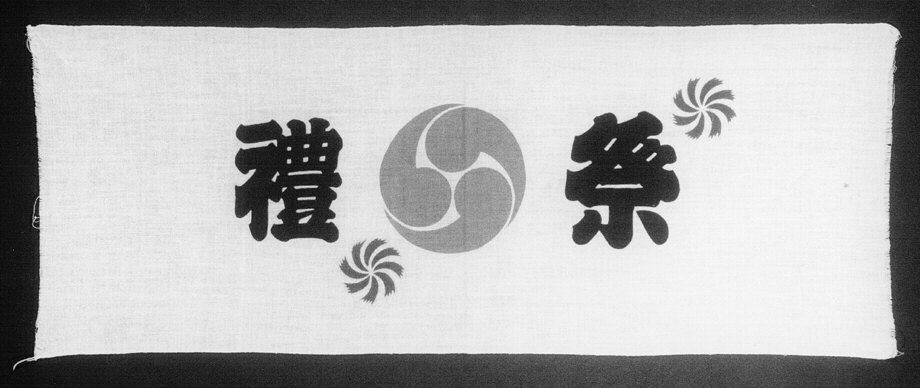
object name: strip
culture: japanese
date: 1901-1950
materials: cotton
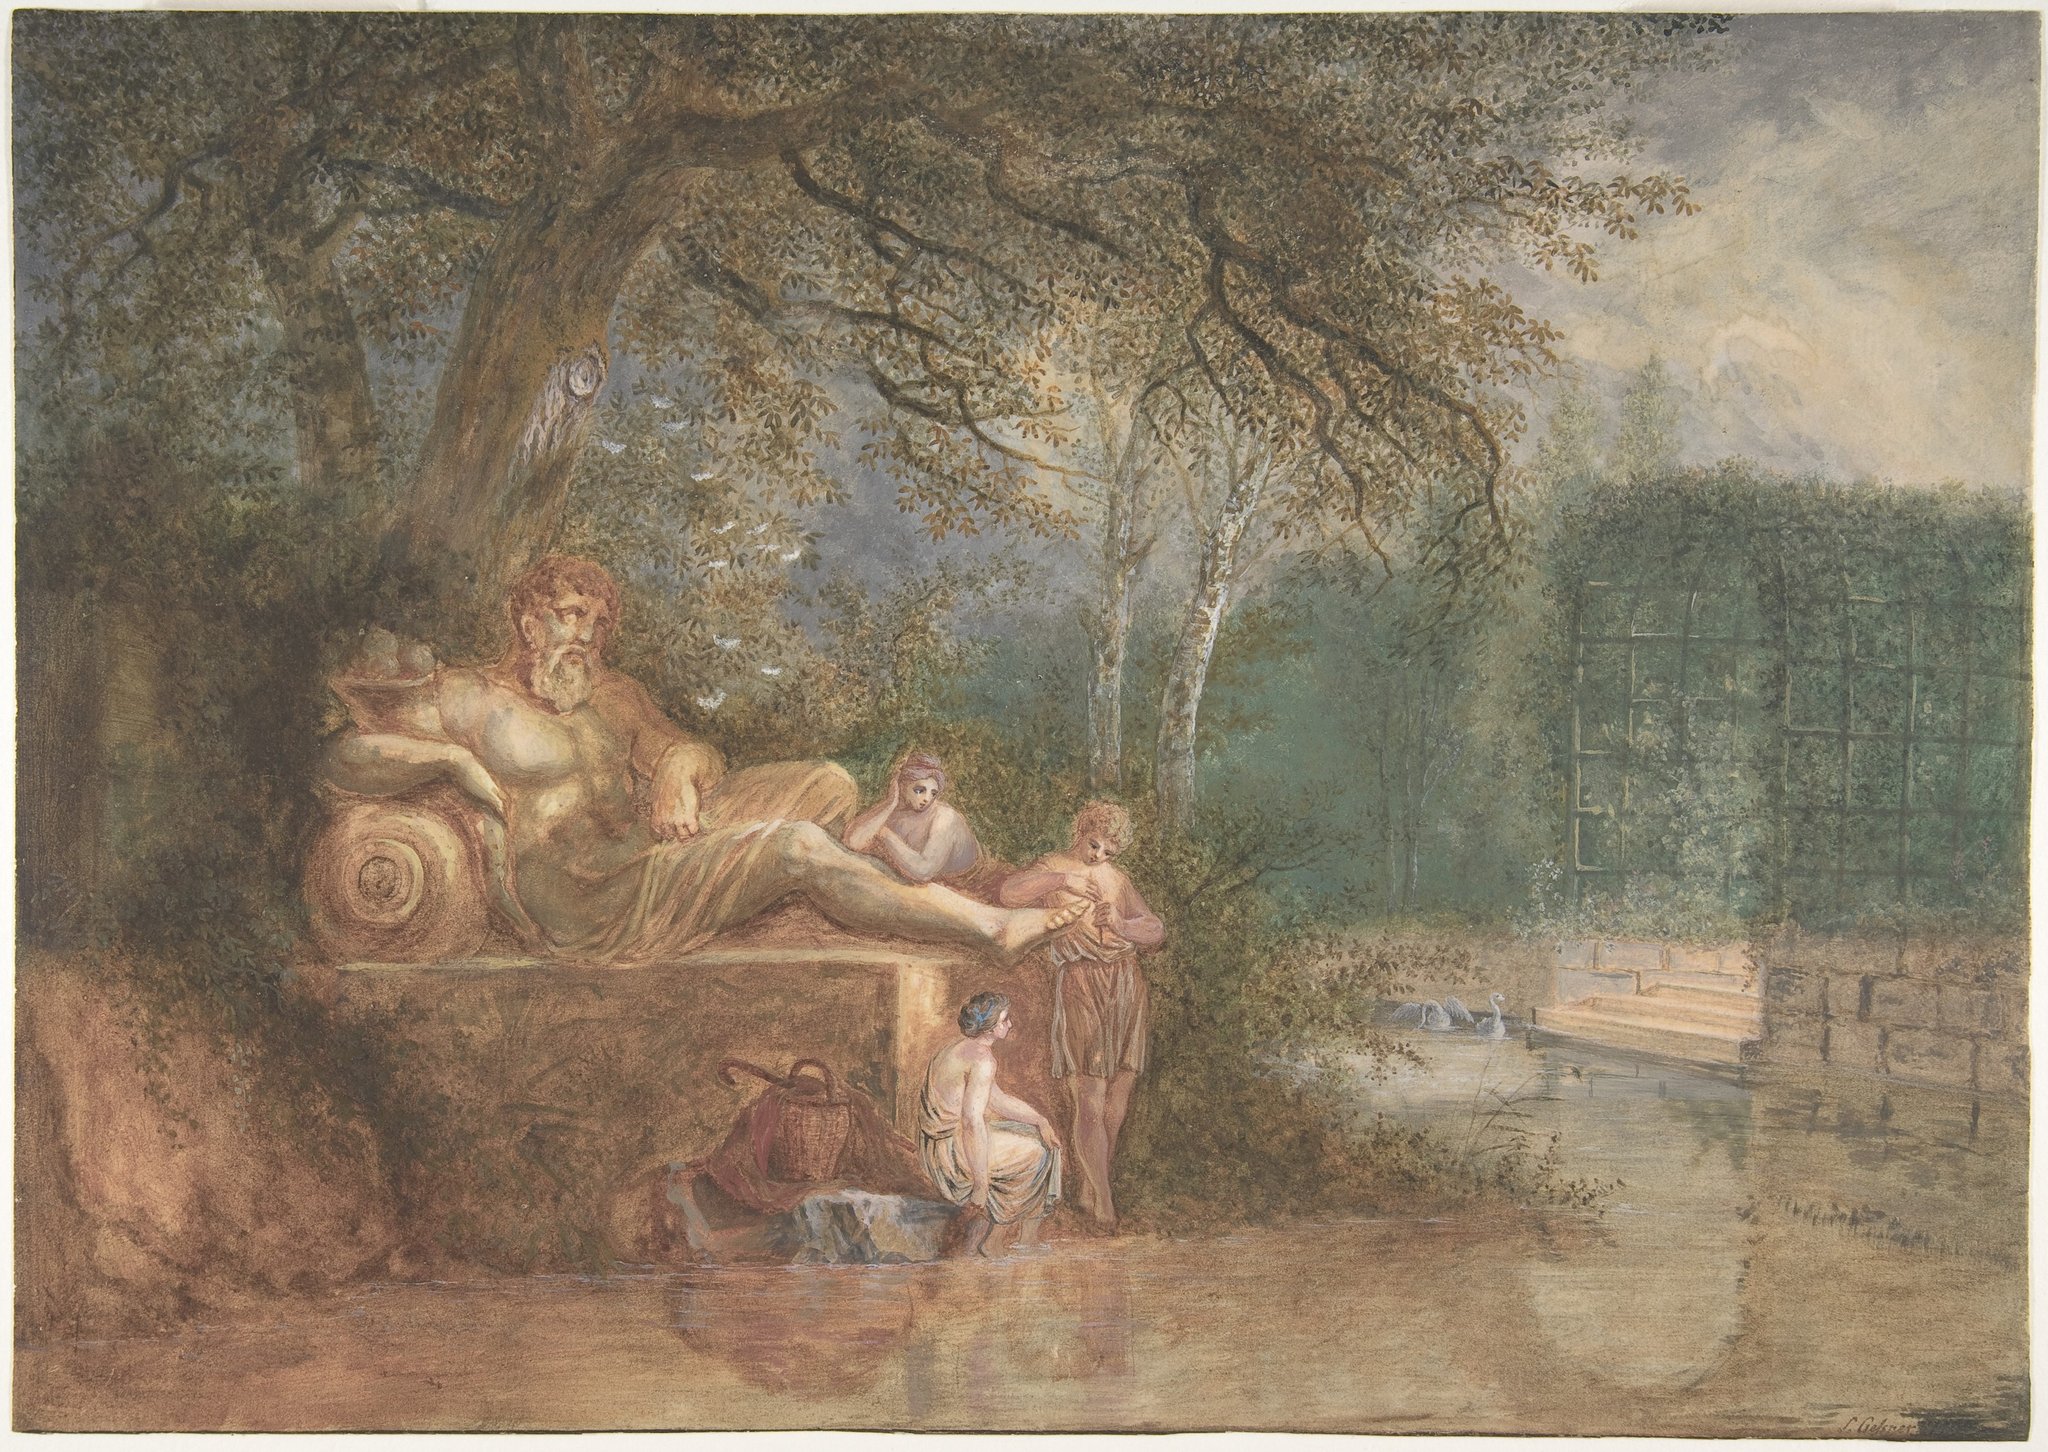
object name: drawing
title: A Park with Figures at a Statue near Water
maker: salomon gessner
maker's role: artist
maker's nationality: swiss
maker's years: 1730-1788
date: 1775
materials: gouache, ink, watercolor
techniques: pen
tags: sculpture,women
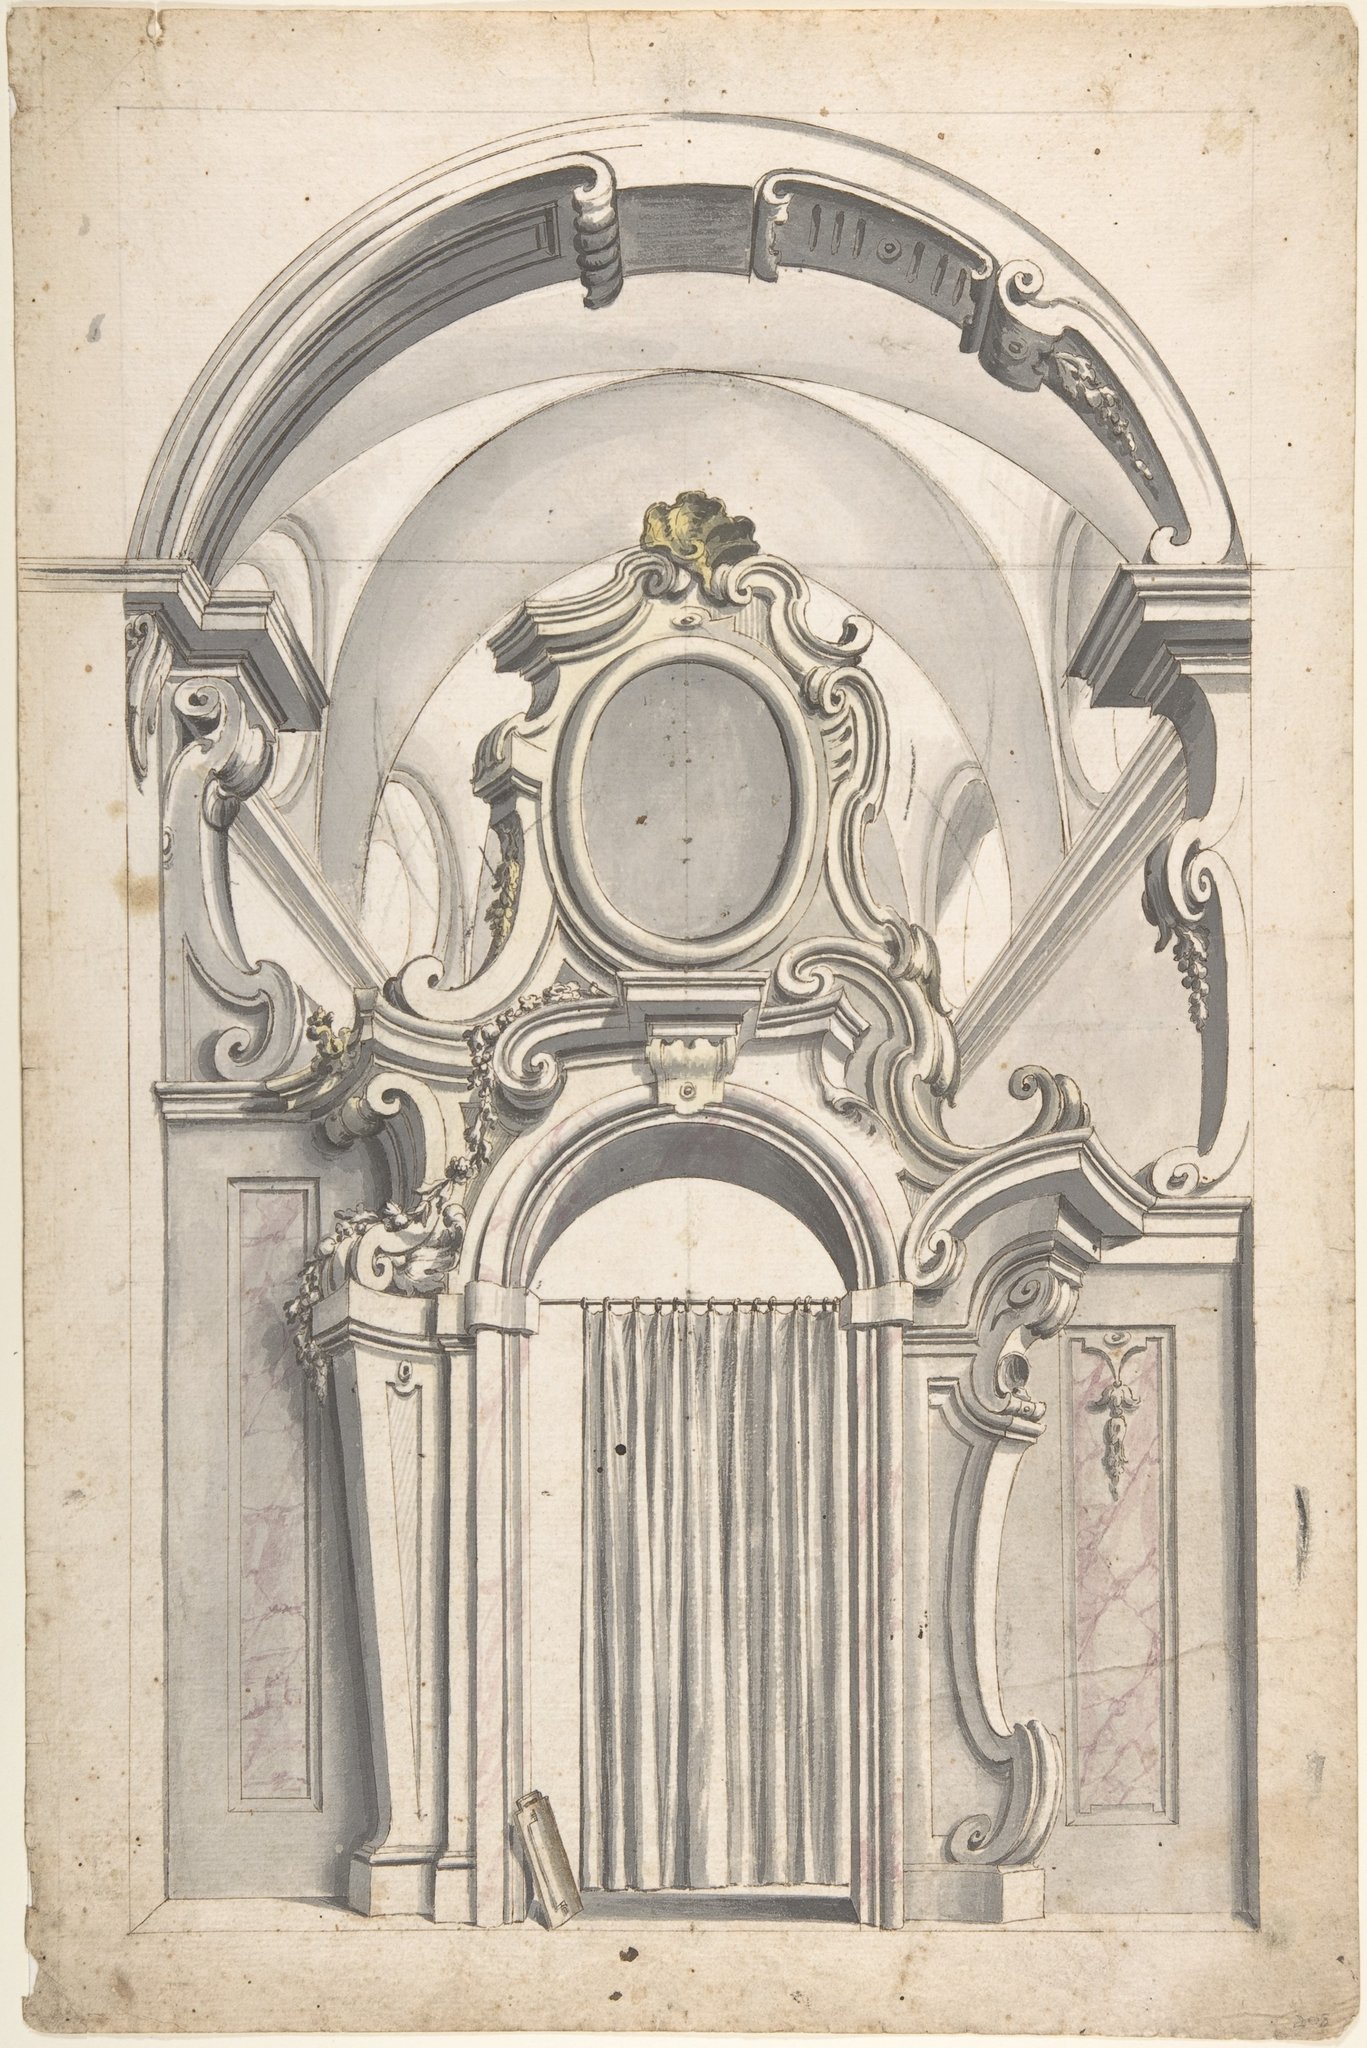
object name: drawing
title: Design for an Elaborate Doorway with a Vaulted Ceiling Behind, and a Curtain Drawn Across the Opening
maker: anonymous, italian, piedmontese, 18th century
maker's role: artist
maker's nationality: italian
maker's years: 1700-1800
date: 1700-1780
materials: graphite, ink, lead, drawing material
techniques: brush, pen, wash
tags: doorways,curtains

+++

## [What to work on]
Exactly as written, reproduce all of the entries while dropping the pictures.

## [Result below]
object name: strip
culture: japanese
date: 1901-1950
materials: cotton
object name: drawing
title: A Park with Figures at a Statue near Water
maker: salomon gessner
maker's role: artist
maker's nationality: swiss
maker's years: 1730-1788
date: 1775
materials: gouache, ink, watercolor
techniques: pen
tags: sculpture,women
object name: drawing
title: Design for an Elaborate Doorway with a Vaulted Ceiling Behind, and a Curtain Drawn Across the Opening
maker: anonymous, italian, piedmontese, 18th century
maker's role: artist
maker's nationality: italian
maker's years: 1700-1800
date: 1700-1780
materials: graphite, ink, lead, drawing material
techniques: brush, pen, wash
tags: doorways,curtains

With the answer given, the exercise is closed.